On 1/15/2008, a patient presented to a gynecologist for a pelvic ultrasound and consult. She had been referred to the gynecologist by her nurse practitioner for evaluation for a pelvic mass and pain with intercourse. The ultrasound revealed a 6 cm fibroid. The gynecologist discussed treatment options with the patient, who elected to undergo a total abdominal hysterectomy and left salpingo-oophorectomy. The procedures were scheduled for 2/6/2008, to be performed by the gynecologist.
On 2/4/2008, the patient presented to the gynecologist for a pre-operative history and physical. She had a history of a known fibroid and resultant heavy periods with anemia. The gynecologist discussed with the patient the options and she chose to proceed with total abdominal hysterectomy and left salpingo-oophorectomy. The patient signed the informed consent form on that date, authorizing the gynecologist to perform the hysterectomy and left salpingo-oophorectomy.
On 2/6/2008, the patient presented to the gynecologist for a total abdominal hysterectomy and left salpingo-oophorectomy. The gynecologist’s operative report reflects that during the hysterectomy portion of the surgery, a “small incidental cystotomy” occurred on the patient’s right side. The gynecologist repaired the injury with “two layers of 2-0 Chromic in the standard fashion.” The surgery ended at approximately 10:59 a.m. and the patient was transferred to the postanesthesia care unit.
At 12:05 p.m., that same day, nursing notes reflect that the gynecologist was informed of decreased urine output. He ordered that the I.V. fluid be changed to Lactated Ringer’s solution.
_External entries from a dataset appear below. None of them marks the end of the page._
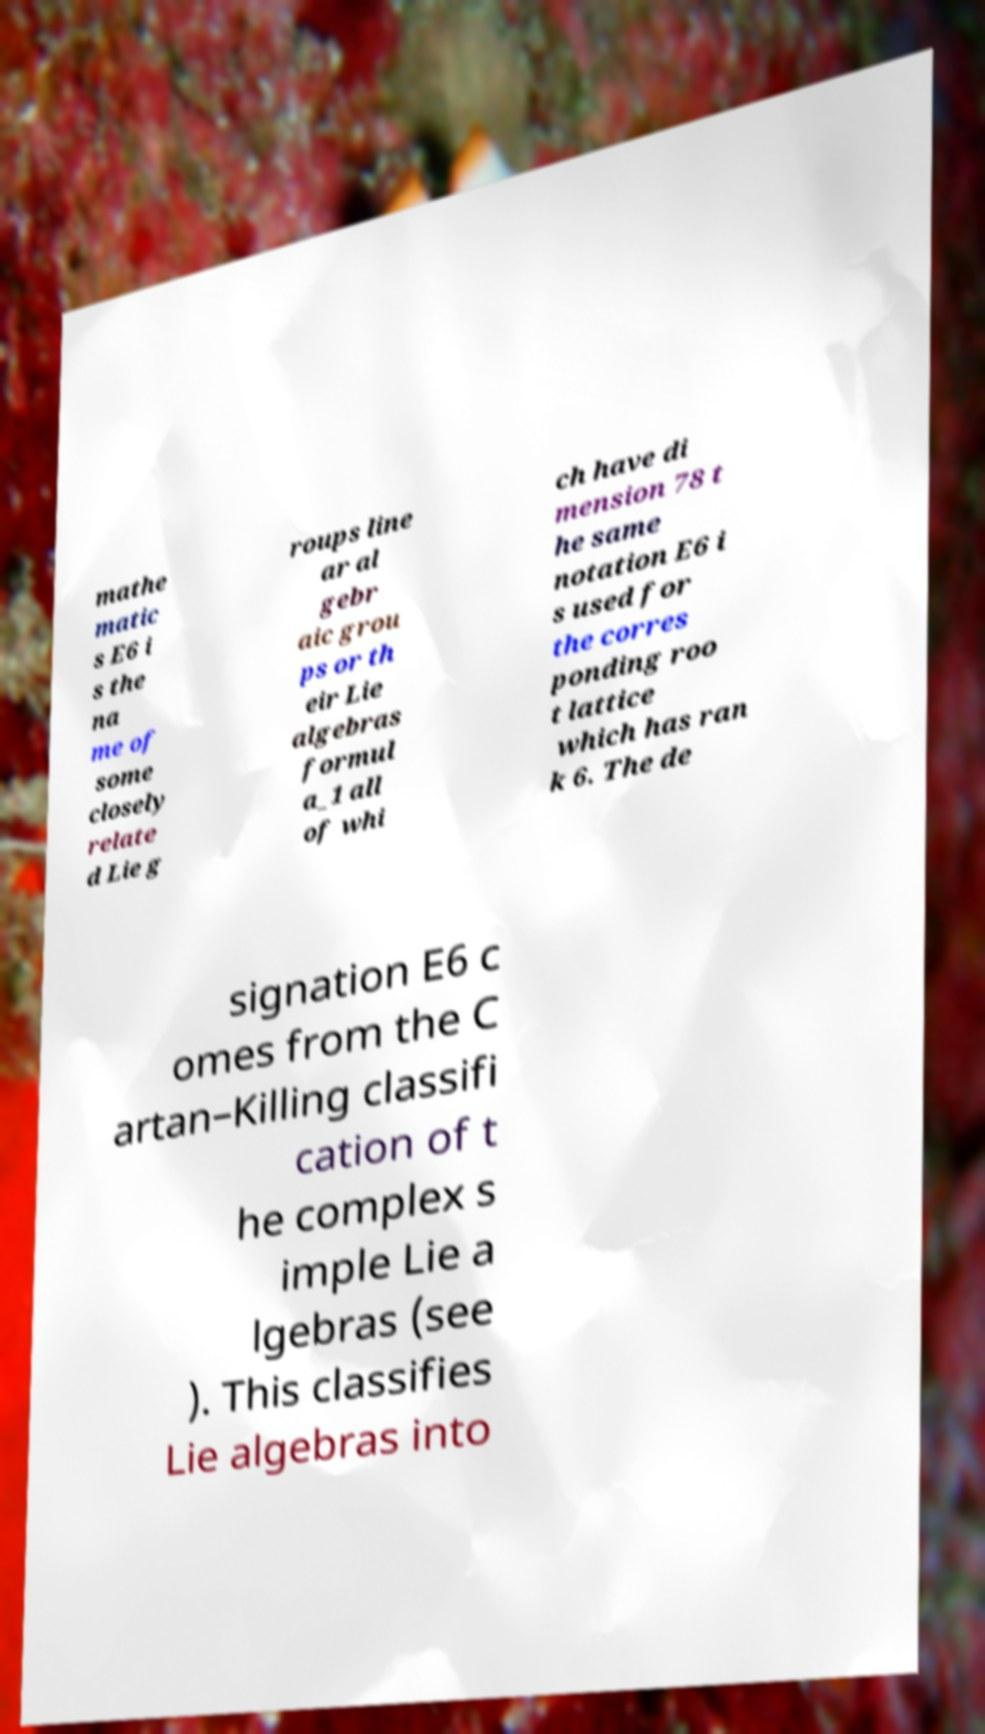Could you extract and type out the text from this image? mathe matic s E6 i s the na me of some closely relate d Lie g roups line ar al gebr aic grou ps or th eir Lie algebras formul a_1 all of whi ch have di mension 78 t he same notation E6 i s used for the corres ponding roo t lattice which has ran k 6. The de signation E6 c omes from the C artan–Killing classifi cation of t he complex s imple Lie a lgebras (see ). This classifies Lie algebras into 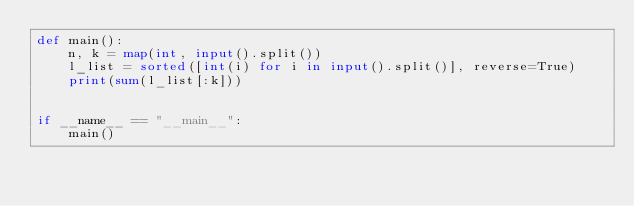Convert code to text. <code><loc_0><loc_0><loc_500><loc_500><_Python_>def main():
    n, k = map(int, input().split())
    l_list = sorted([int(i) for i in input().split()], reverse=True)
    print(sum(l_list[:k]))
    

if __name__ == "__main__":
    main()</code> 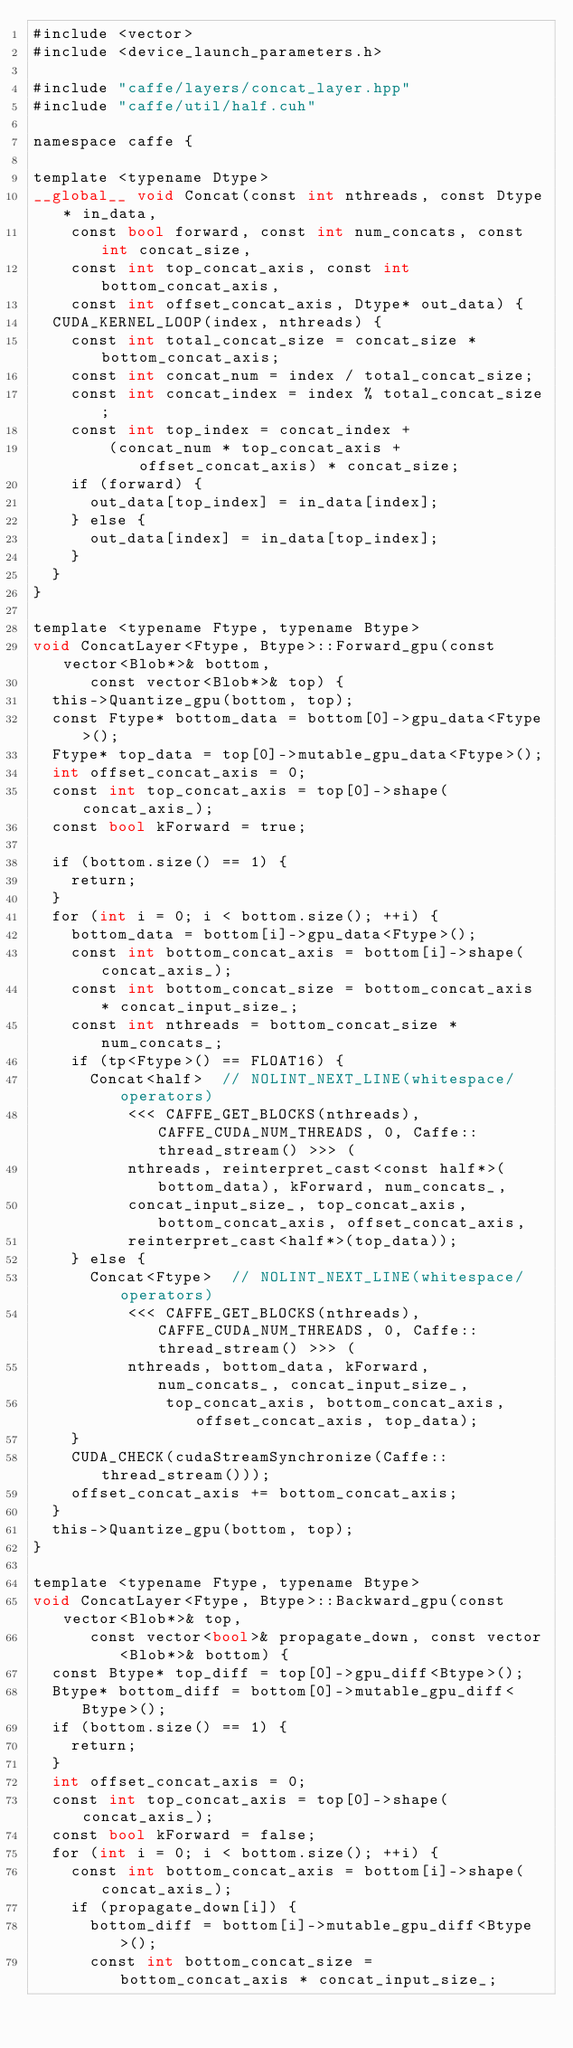Convert code to text. <code><loc_0><loc_0><loc_500><loc_500><_Cuda_>#include <vector>
#include <device_launch_parameters.h>

#include "caffe/layers/concat_layer.hpp"
#include "caffe/util/half.cuh"

namespace caffe {

template <typename Dtype>
__global__ void Concat(const int nthreads, const Dtype* in_data,
    const bool forward, const int num_concats, const int concat_size,
    const int top_concat_axis, const int bottom_concat_axis,
    const int offset_concat_axis, Dtype* out_data) {
  CUDA_KERNEL_LOOP(index, nthreads) {
    const int total_concat_size = concat_size * bottom_concat_axis;
    const int concat_num = index / total_concat_size;
    const int concat_index = index % total_concat_size;
    const int top_index = concat_index +
        (concat_num * top_concat_axis + offset_concat_axis) * concat_size;
    if (forward) {
      out_data[top_index] = in_data[index];
    } else {
      out_data[index] = in_data[top_index];
    }
  }
}

template <typename Ftype, typename Btype>
void ConcatLayer<Ftype, Btype>::Forward_gpu(const vector<Blob*>& bottom,
      const vector<Blob*>& top) {
  this->Quantize_gpu(bottom, top);
  const Ftype* bottom_data = bottom[0]->gpu_data<Ftype>();
  Ftype* top_data = top[0]->mutable_gpu_data<Ftype>();
  int offset_concat_axis = 0;
  const int top_concat_axis = top[0]->shape(concat_axis_);
  const bool kForward = true;

  if (bottom.size() == 1) {
    return;
  }
  for (int i = 0; i < bottom.size(); ++i) {
    bottom_data = bottom[i]->gpu_data<Ftype>();
    const int bottom_concat_axis = bottom[i]->shape(concat_axis_);
    const int bottom_concat_size = bottom_concat_axis * concat_input_size_;
    const int nthreads = bottom_concat_size * num_concats_;
    if (tp<Ftype>() == FLOAT16) {
      Concat<half>  // NOLINT_NEXT_LINE(whitespace/operators)
          <<< CAFFE_GET_BLOCKS(nthreads), CAFFE_CUDA_NUM_THREADS, 0, Caffe::thread_stream() >>> (
          nthreads, reinterpret_cast<const half*>(bottom_data), kForward, num_concats_,
          concat_input_size_, top_concat_axis, bottom_concat_axis, offset_concat_axis,
          reinterpret_cast<half*>(top_data));
    } else {
      Concat<Ftype>  // NOLINT_NEXT_LINE(whitespace/operators)
          <<< CAFFE_GET_BLOCKS(nthreads), CAFFE_CUDA_NUM_THREADS, 0, Caffe::thread_stream() >>> (
          nthreads, bottom_data, kForward, num_concats_, concat_input_size_,
              top_concat_axis, bottom_concat_axis, offset_concat_axis, top_data);
    }
    CUDA_CHECK(cudaStreamSynchronize(Caffe::thread_stream()));
    offset_concat_axis += bottom_concat_axis;
  }
  this->Quantize_gpu(bottom, top);
}

template <typename Ftype, typename Btype>
void ConcatLayer<Ftype, Btype>::Backward_gpu(const vector<Blob*>& top,
      const vector<bool>& propagate_down, const vector<Blob*>& bottom) {
  const Btype* top_diff = top[0]->gpu_diff<Btype>();
  Btype* bottom_diff = bottom[0]->mutable_gpu_diff<Btype>();
  if (bottom.size() == 1) {
    return;
  }
  int offset_concat_axis = 0;
  const int top_concat_axis = top[0]->shape(concat_axis_);
  const bool kForward = false;
  for (int i = 0; i < bottom.size(); ++i) {
    const int bottom_concat_axis = bottom[i]->shape(concat_axis_);
    if (propagate_down[i]) {
      bottom_diff = bottom[i]->mutable_gpu_diff<Btype>();
      const int bottom_concat_size = bottom_concat_axis * concat_input_size_;</code> 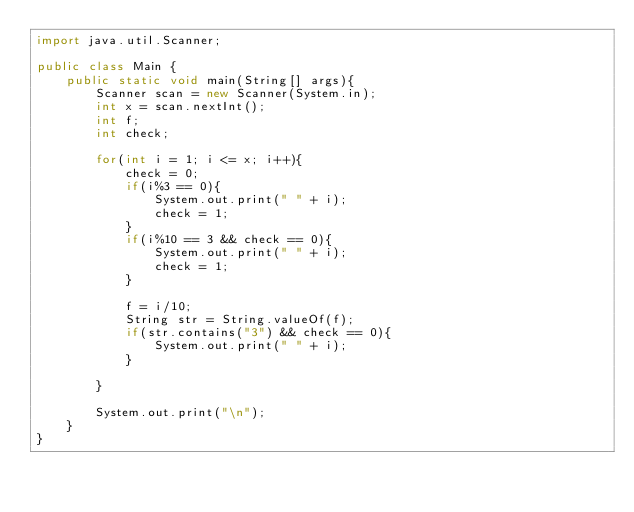Convert code to text. <code><loc_0><loc_0><loc_500><loc_500><_Java_>import java.util.Scanner;

public class Main {
    public static void main(String[] args){
        Scanner scan = new Scanner(System.in);
        int x = scan.nextInt();
        int f;
        int check;

        for(int i = 1; i <= x; i++){
            check = 0;
            if(i%3 == 0){
                System.out.print(" " + i);
                check = 1;
            }
            if(i%10 == 3 && check == 0){
                System.out.print(" " + i);
                check = 1;
            }

            f = i/10;
            String str = String.valueOf(f);
            if(str.contains("3") && check == 0){
                System.out.print(" " + i);
            }

        }

        System.out.print("\n");
    }
}


</code>

At 4:50 p.m., nursing notes reflect that the patient had no urine output and a bladder scanned revealed 11 ml of fluid in the patient’s bladder. The patient reported feeling abdominal pressure. The gynecologist was notified of the same and gave an gave an order that 500 ml of IV fluid bolus be given.
At 5:35 p.m., nursing notes reflect that the 500 ml bolus was complete and that the patient continued to report pressure but that it did feel better. At 6:00 p.m., the nurse notified the gynecologist of the patient’s report of abdominal pressure feeling better.
At 8:10 p.m., the gynecologist was advised that the patient had no urine output despite fluid intake of 1440 ml.
At 9:10 p.m. the gynecologist ordered Lasix (a diuretic) for the patient.
At 10:15 p.m., the gynecologist advised that the patient still had no urine output. His plan was to “watch longer.”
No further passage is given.